You need to define the scan pattern to use. Diagonals in matrices most naturally divide into an odd number, not an even number. For example in an 8 x 8 matrix, the matrix divides naturally into diagonals of length 1+2+3+4+5+6+7+8+7+6+5+4+3+2+1 = 64, which is 15 diagonals that would traditionally be numbered -7 to +7
In the example diagram you show, look at the bottom row. The left square is white. If we take that square as column 1, and let the columns be evenly spaced apart by distance D, then because the right column is also white, we arrive at the equation 1 + 10*D = 100 for some D. Clearly D cannot be integral.

7 Comments

thanks a lot sir.. can u please give the code for splitting 100*100 binary image into 19 diagonal parts..
What form do you want these 20 bands (10 for each slant direction I presume) in?

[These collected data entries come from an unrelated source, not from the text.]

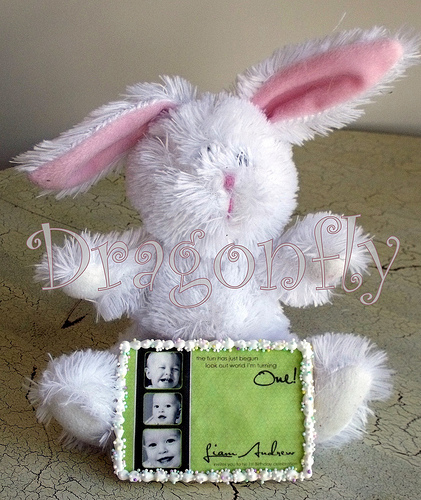<image>
Is the baby on the rabbit? No. The baby is not positioned on the rabbit. They may be near each other, but the baby is not supported by or resting on top of the rabbit. Is the bunny behind the frame? Yes. From this viewpoint, the bunny is positioned behind the frame, with the frame partially or fully occluding the bunny. 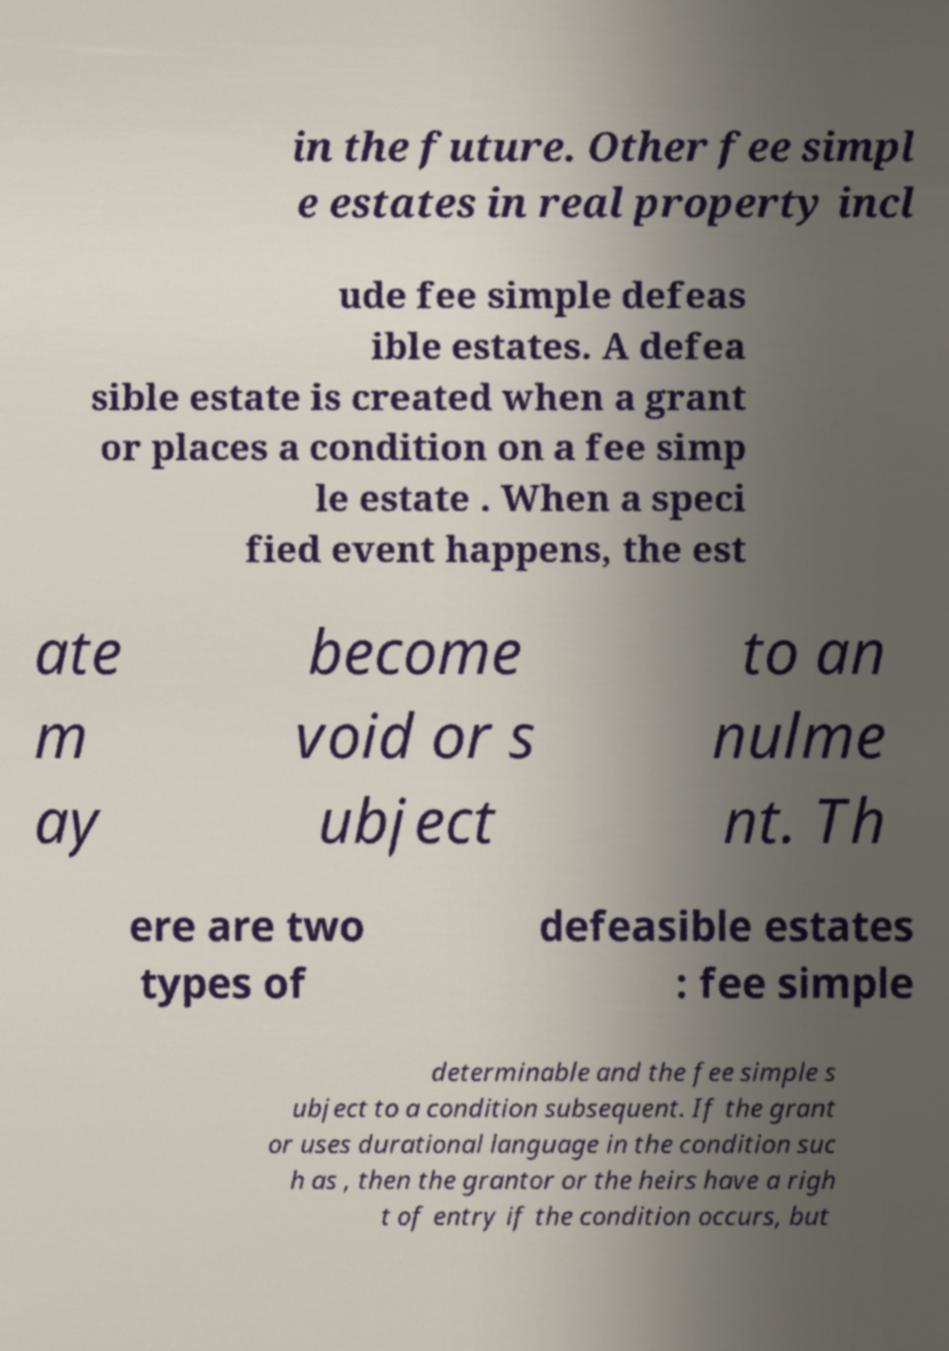What messages or text are displayed in this image? I need them in a readable, typed format. in the future. Other fee simpl e estates in real property incl ude fee simple defeas ible estates. A defea sible estate is created when a grant or places a condition on a fee simp le estate . When a speci fied event happens, the est ate m ay become void or s ubject to an nulme nt. Th ere are two types of defeasible estates : fee simple determinable and the fee simple s ubject to a condition subsequent. If the grant or uses durational language in the condition suc h as , then the grantor or the heirs have a righ t of entry if the condition occurs, but 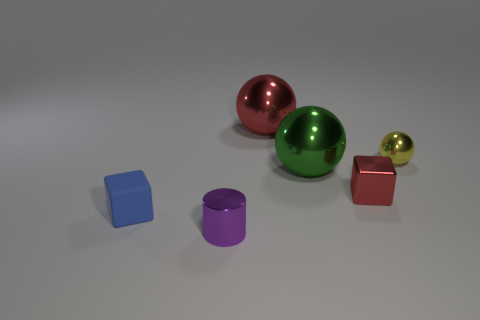Subtract all green metal balls. How many balls are left? 2 Subtract all cylinders. How many objects are left? 5 Add 3 tiny purple shiny blocks. How many objects exist? 9 Subtract all red cubes. How many cubes are left? 1 Subtract all cyan spheres. Subtract all gray blocks. How many spheres are left? 3 Subtract all cyan balls. How many yellow cylinders are left? 0 Subtract all large green metallic cylinders. Subtract all purple objects. How many objects are left? 5 Add 3 metal cylinders. How many metal cylinders are left? 4 Add 1 yellow metal balls. How many yellow metal balls exist? 2 Subtract 0 blue spheres. How many objects are left? 6 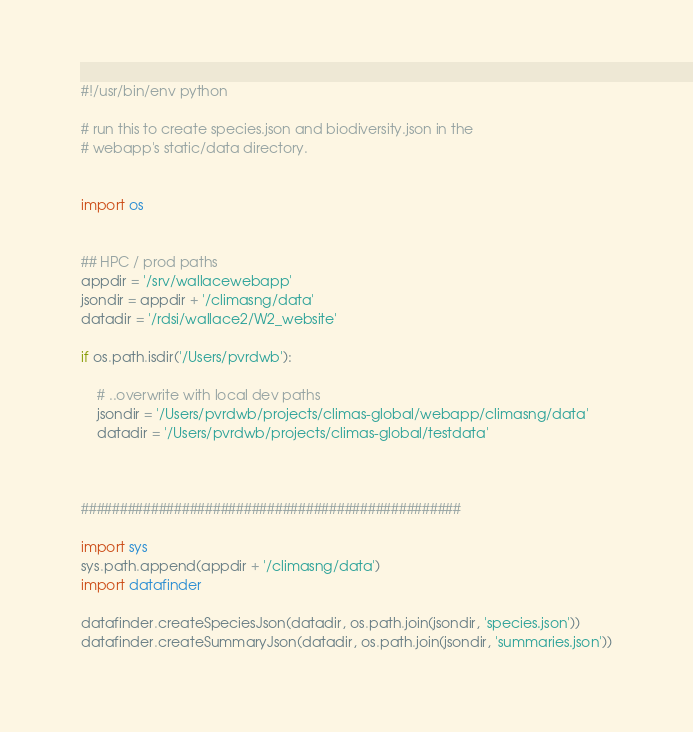Convert code to text. <code><loc_0><loc_0><loc_500><loc_500><_Python_>#!/usr/bin/env python

# run this to create species.json and biodiversity.json in the
# webapp's static/data directory.


import os


## HPC / prod paths
appdir = '/srv/wallacewebapp'
jsondir = appdir + '/climasng/data'
datadir = '/rdsi/wallace2/W2_website'

if os.path.isdir('/Users/pvrdwb'):

	# ..overwrite with local dev paths
	jsondir = '/Users/pvrdwb/projects/climas-global/webapp/climasng/data'
	datadir = '/Users/pvrdwb/projects/climas-global/testdata'



#################################################

import sys
sys.path.append(appdir + '/climasng/data')
import datafinder

datafinder.createSpeciesJson(datadir, os.path.join(jsondir, 'species.json'))
datafinder.createSummaryJson(datadir, os.path.join(jsondir, 'summaries.json'))</code> 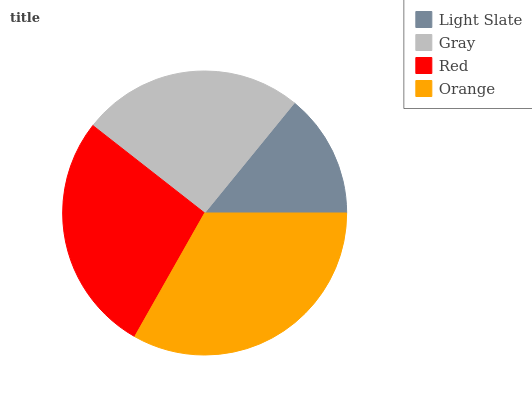Is Light Slate the minimum?
Answer yes or no. Yes. Is Orange the maximum?
Answer yes or no. Yes. Is Gray the minimum?
Answer yes or no. No. Is Gray the maximum?
Answer yes or no. No. Is Gray greater than Light Slate?
Answer yes or no. Yes. Is Light Slate less than Gray?
Answer yes or no. Yes. Is Light Slate greater than Gray?
Answer yes or no. No. Is Gray less than Light Slate?
Answer yes or no. No. Is Red the high median?
Answer yes or no. Yes. Is Gray the low median?
Answer yes or no. Yes. Is Orange the high median?
Answer yes or no. No. Is Orange the low median?
Answer yes or no. No. 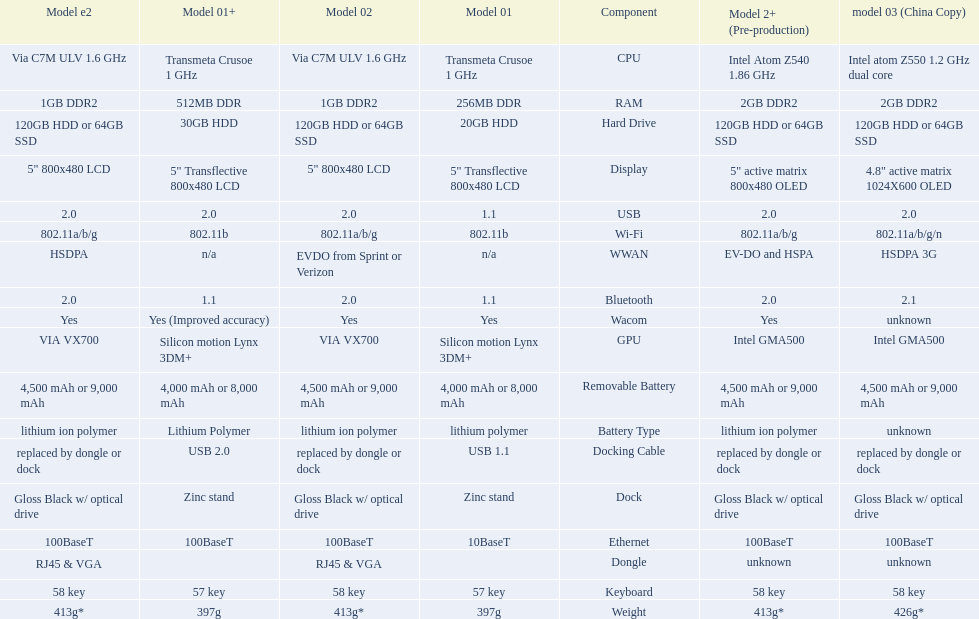Parse the full table. {'header': ['Model e2', 'Model 01+', 'Model 02', 'Model 01', 'Component', 'Model 2+ (Pre-production)', 'model 03 (China Copy)'], 'rows': [['Via C7M ULV 1.6\xa0GHz', 'Transmeta Crusoe 1\xa0GHz', 'Via C7M ULV 1.6\xa0GHz', 'Transmeta Crusoe 1\xa0GHz', 'CPU', 'Intel Atom Z540 1.86\xa0GHz', 'Intel atom Z550 1.2\xa0GHz dual core'], ['1GB DDR2', '512MB DDR', '1GB DDR2', '256MB DDR', 'RAM', '2GB DDR2', '2GB DDR2'], ['120GB HDD or 64GB SSD', '30GB HDD', '120GB HDD or 64GB SSD', '20GB HDD', 'Hard Drive', '120GB HDD or 64GB SSD', '120GB HDD or 64GB SSD'], ['5" 800x480 LCD', '5" Transflective 800x480 LCD', '5" 800x480 LCD', '5" Transflective 800x480 LCD', 'Display', '5" active matrix 800x480 OLED', '4.8" active matrix 1024X600 OLED'], ['2.0', '2.0', '2.0', '1.1', 'USB', '2.0', '2.0'], ['802.11a/b/g', '802.11b', '802.11a/b/g', '802.11b', 'Wi-Fi', '802.11a/b/g', '802.11a/b/g/n'], ['HSDPA', 'n/a', 'EVDO from Sprint or Verizon', 'n/a', 'WWAN', 'EV-DO and HSPA', 'HSDPA 3G'], ['2.0', '1.1', '2.0', '1.1', 'Bluetooth', '2.0', '2.1'], ['Yes', 'Yes (Improved accuracy)', 'Yes', 'Yes', 'Wacom', 'Yes', 'unknown'], ['VIA VX700', 'Silicon motion Lynx 3DM+', 'VIA VX700', 'Silicon motion Lynx 3DM+', 'GPU', 'Intel GMA500', 'Intel GMA500'], ['4,500 mAh or 9,000 mAh', '4,000 mAh or 8,000 mAh', '4,500 mAh or 9,000 mAh', '4,000 mAh or 8,000 mAh', 'Removable Battery', '4,500 mAh or 9,000 mAh', '4,500 mAh or 9,000 mAh'], ['lithium ion polymer', 'Lithium Polymer', 'lithium ion polymer', 'lithium polymer', 'Battery Type', 'lithium ion polymer', 'unknown'], ['replaced by dongle or dock', 'USB 2.0', 'replaced by dongle or dock', 'USB 1.1', 'Docking Cable', 'replaced by dongle or dock', 'replaced by dongle or dock'], ['Gloss Black w/ optical drive', 'Zinc stand', 'Gloss Black w/ optical drive', 'Zinc stand', 'Dock', 'Gloss Black w/ optical drive', 'Gloss Black w/ optical drive'], ['100BaseT', '100BaseT', '100BaseT', '10BaseT', 'Ethernet', '100BaseT', '100BaseT'], ['RJ45 & VGA', '', 'RJ45 & VGA', '', 'Dongle', 'unknown', 'unknown'], ['58 key', '57 key', '58 key', '57 key', 'Keyboard', '58 key', '58 key'], ['413g*', '397g', '413g*', '397g', 'Weight', '413g*', '426g*']]} How many models have 1.6ghz? 2. 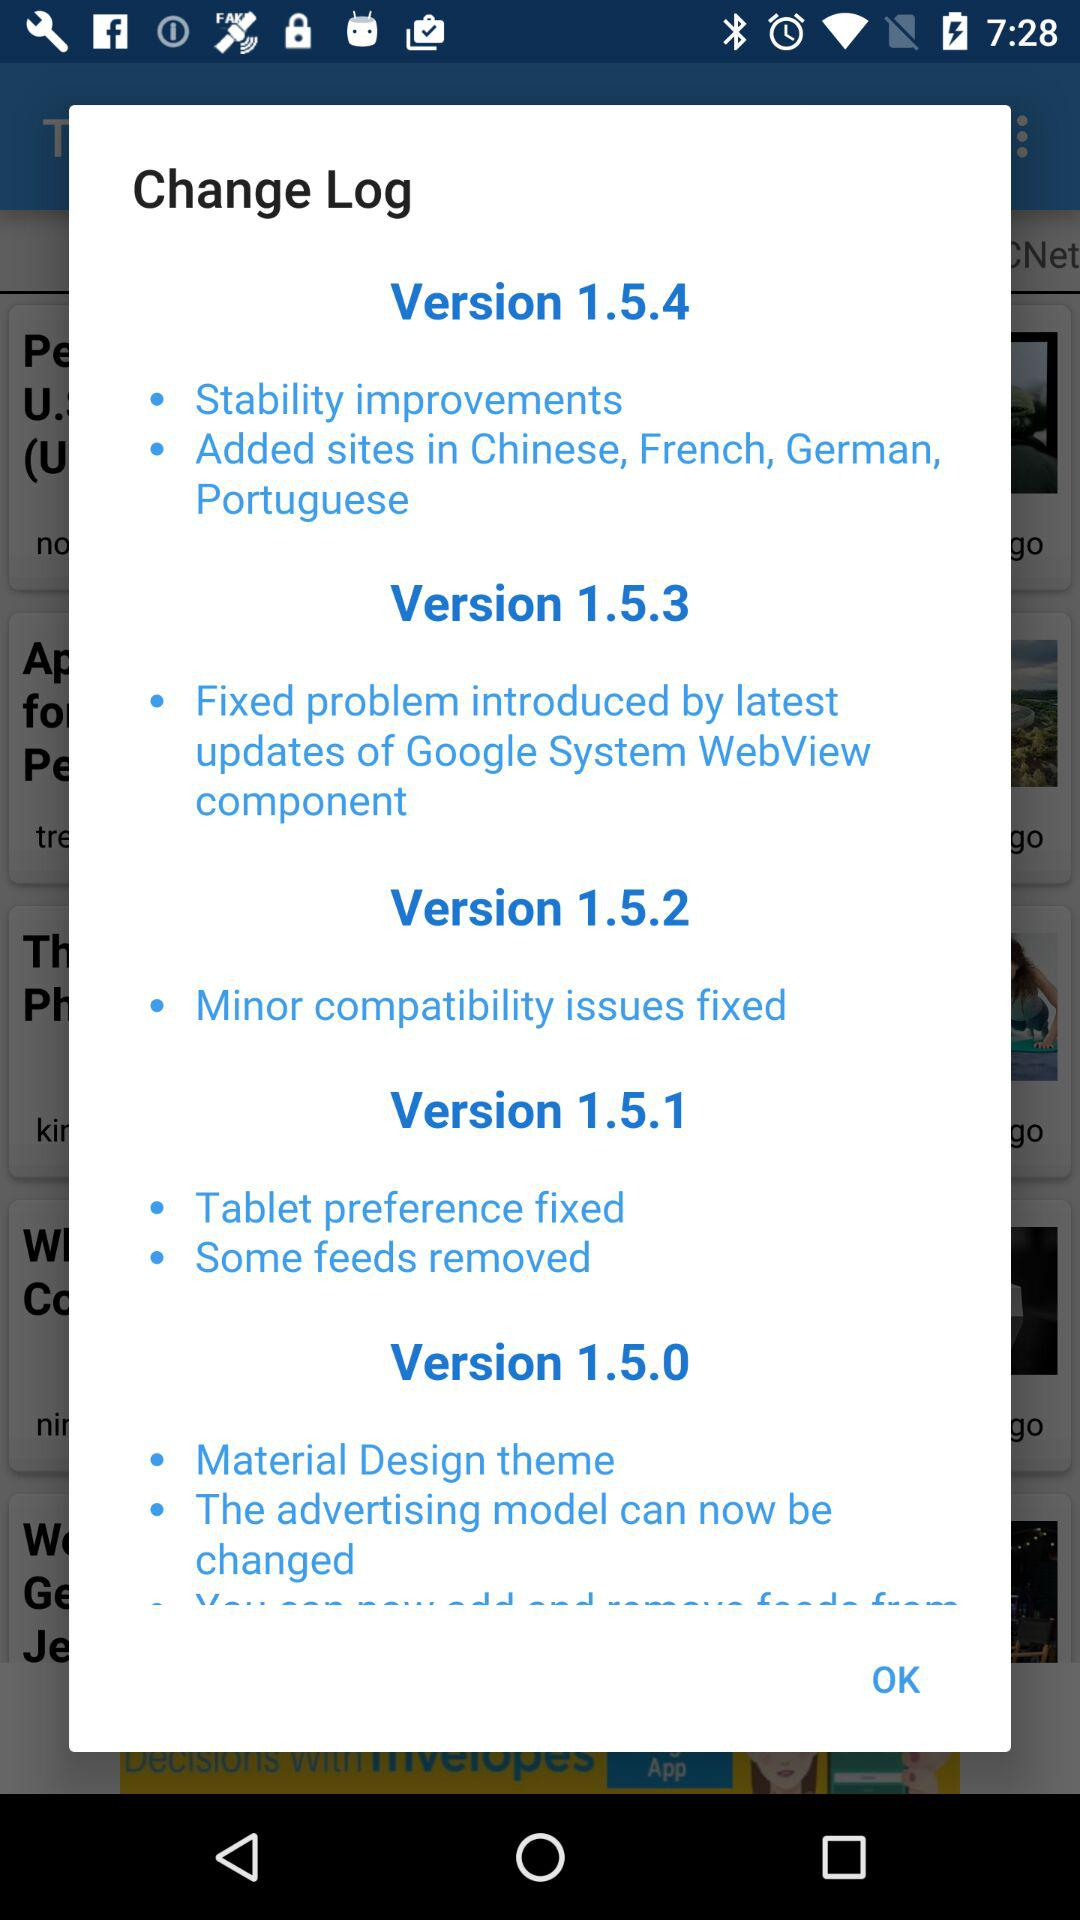Which version is the user using?
When the provided information is insufficient, respond with <no answer>. <no answer> 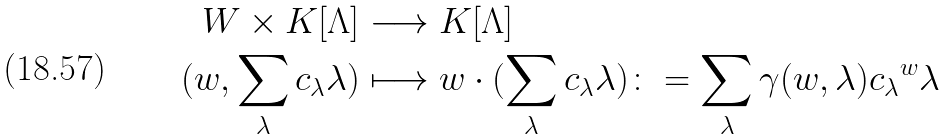<formula> <loc_0><loc_0><loc_500><loc_500>W \times K [ \Lambda ] & \longrightarrow K [ \Lambda ] \\ ( w , \sum _ { \lambda } c _ { \lambda } \lambda ) & \longmapsto w \cdot ( \sum _ { \lambda } c _ { \lambda } \lambda ) \colon = \sum _ { \lambda } \gamma ( w , \lambda ) c _ { \lambda } { ^ { w } \lambda }</formula> 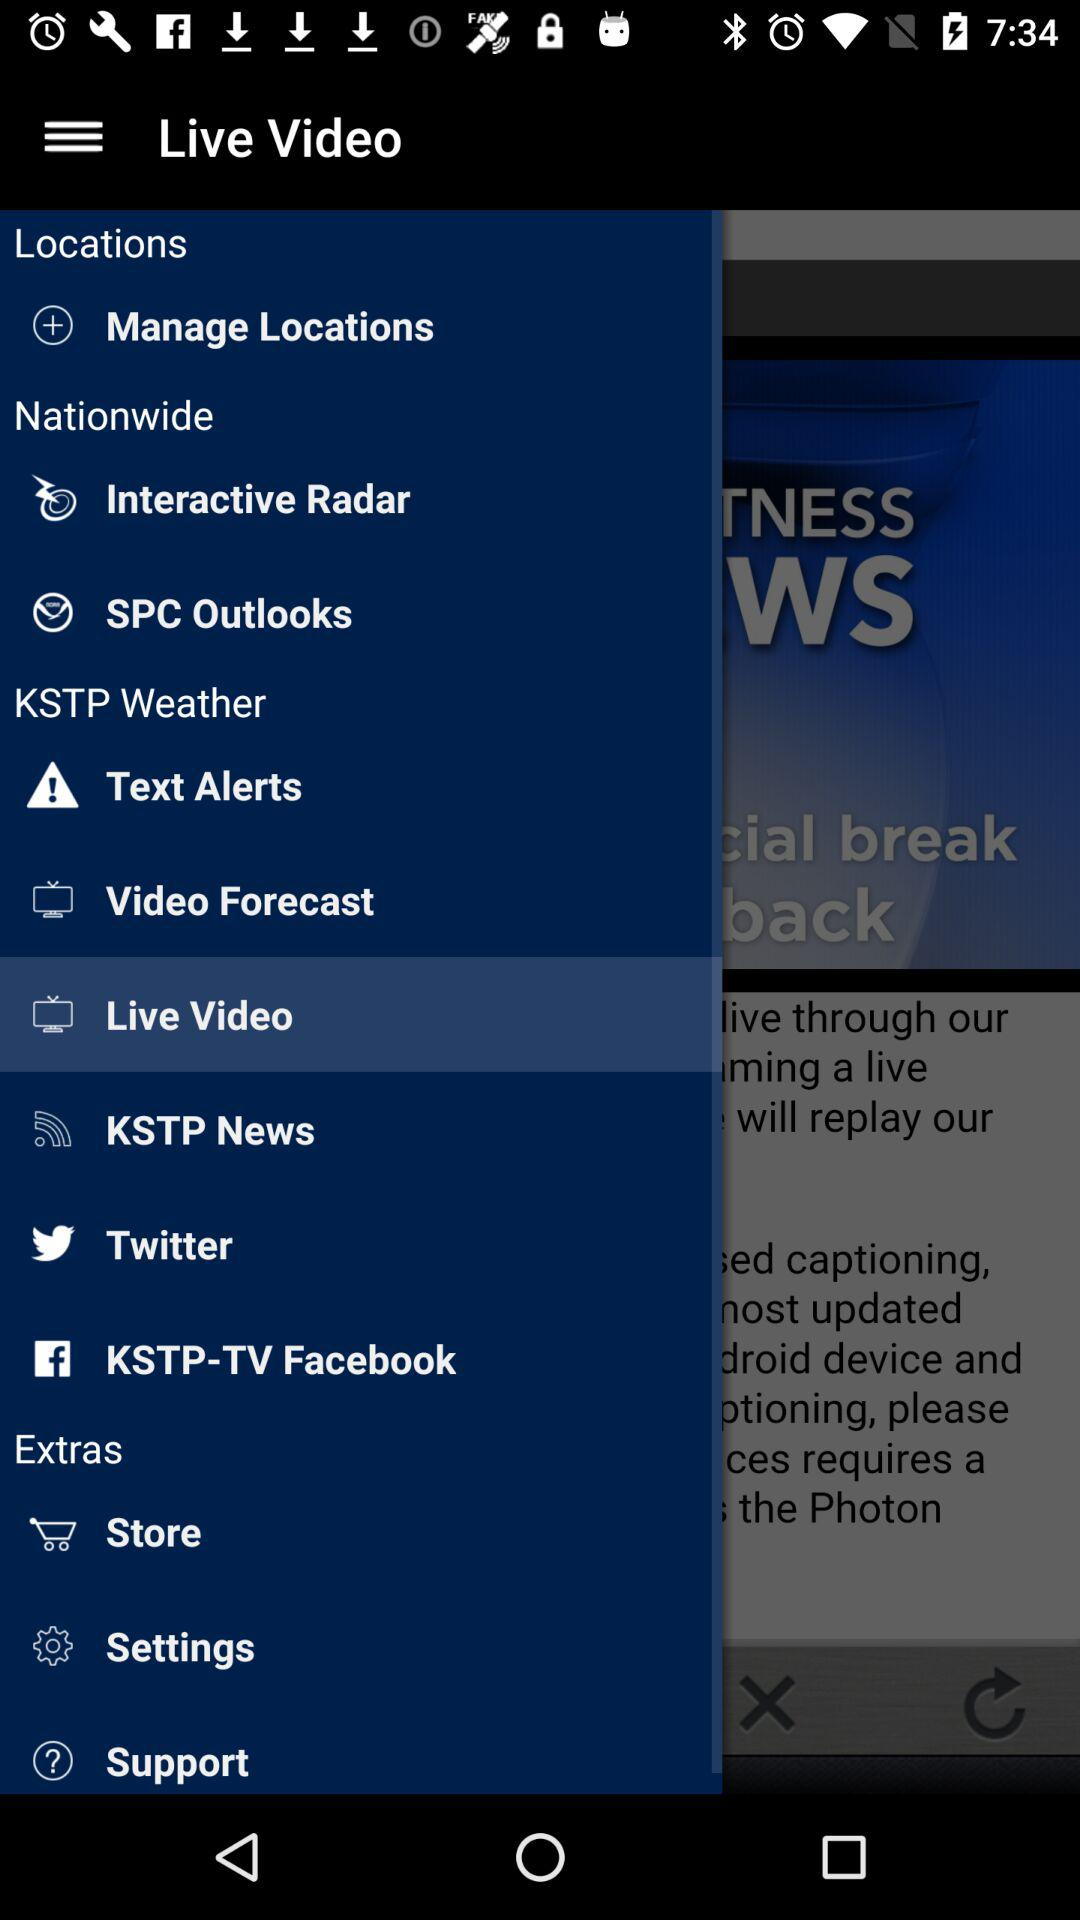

Each band will have a different number of pixels in it. Do you want each band to be a cell array containing a 1-D list of all the pixel values in that band?
Here are 20 diagonals that cover the image, but the second half are not symmetric length with the first. I am investigating
B = fliplr(YourImage);
diags = cell(20,1);
for J = 1 : 20
T = cell(10,1);
for K = 1:10
T{K} = diag(B, (J-11)*10+K);
end
diags{J} = vertcat(T{:});
end
@Image Analyst: the 20 bands should be as in the above image.each band will have different number of pixels.Initially image should be split into left aligned diagonal bands, no. of white pixels in each band should be counted and stored. similarly image should be split into right aligned diagonal bands,no. of white pixels should be counted and stored.
@Walter Roberson: Thanks for your code. But my binary image is converted to grayscale image by this. Can you help me..
The image you showed at the very top is not binary - there are several gray levels there. Which variable is your binary image? Which line converts it into gray levels other than 0 and 1 (or 0 and 255)?
My testing shows that the output is a cell array of whatever class YourImage is.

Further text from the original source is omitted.